== TASK REQUIREMENTS ==
Both the line below containing "are identical having" and the line containing "Expected Time Complexity: O(N)", along with every line between them, should be repeated exactly; no other line belongs in the answer.

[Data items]
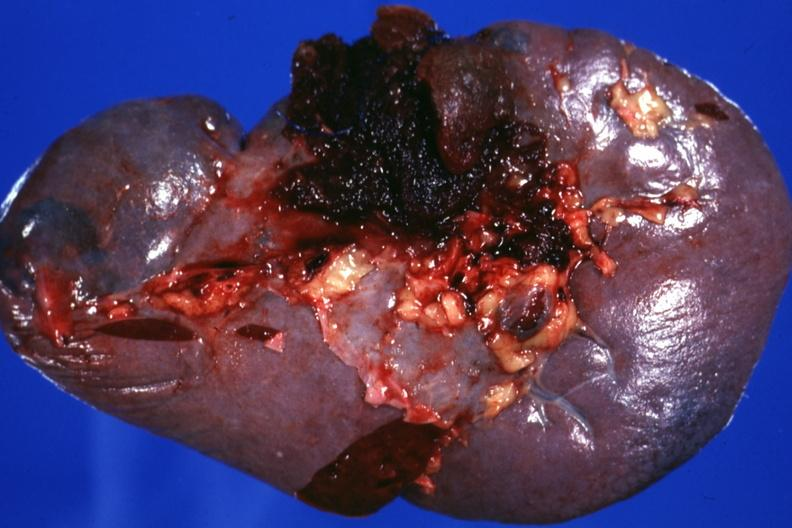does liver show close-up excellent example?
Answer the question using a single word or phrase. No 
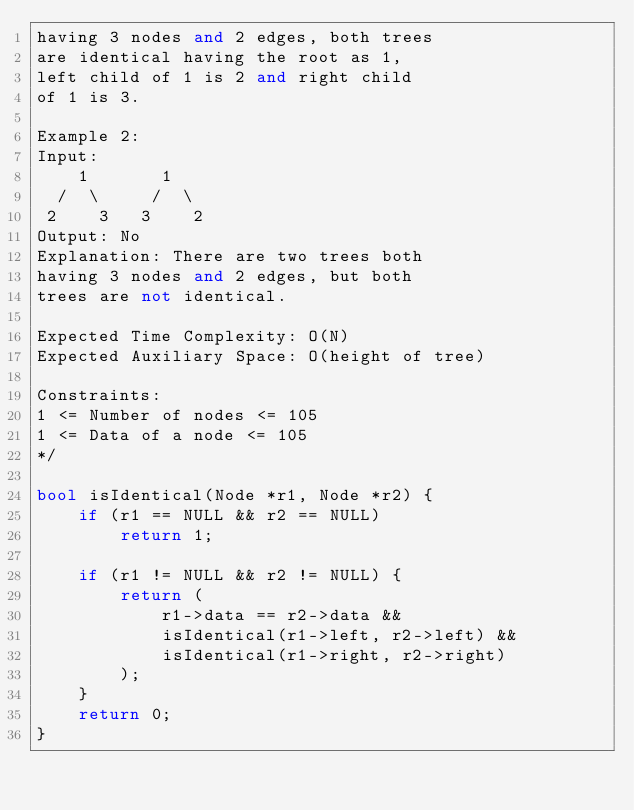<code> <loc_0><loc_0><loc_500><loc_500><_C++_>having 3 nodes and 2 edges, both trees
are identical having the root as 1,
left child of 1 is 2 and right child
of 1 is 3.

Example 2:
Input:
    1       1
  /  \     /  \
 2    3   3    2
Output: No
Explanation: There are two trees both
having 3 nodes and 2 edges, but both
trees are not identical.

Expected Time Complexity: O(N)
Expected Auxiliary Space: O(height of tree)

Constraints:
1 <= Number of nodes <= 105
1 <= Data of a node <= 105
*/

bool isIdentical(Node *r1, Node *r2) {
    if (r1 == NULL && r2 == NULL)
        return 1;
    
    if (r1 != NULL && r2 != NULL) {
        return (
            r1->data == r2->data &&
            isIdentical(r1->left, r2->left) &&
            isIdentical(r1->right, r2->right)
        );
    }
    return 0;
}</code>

== RESULT FOR THIS TASK ==
are identical having the root as 1,
left child of 1 is 2 and right child
of 1 is 3.

Example 2:
Input:
    1       1
  /  \     /  \
 2    3   3    2
Output: No
Explanation: There are two trees both
having 3 nodes and 2 edges, but both
trees are not identical.

Expected Time Complexity: O(N)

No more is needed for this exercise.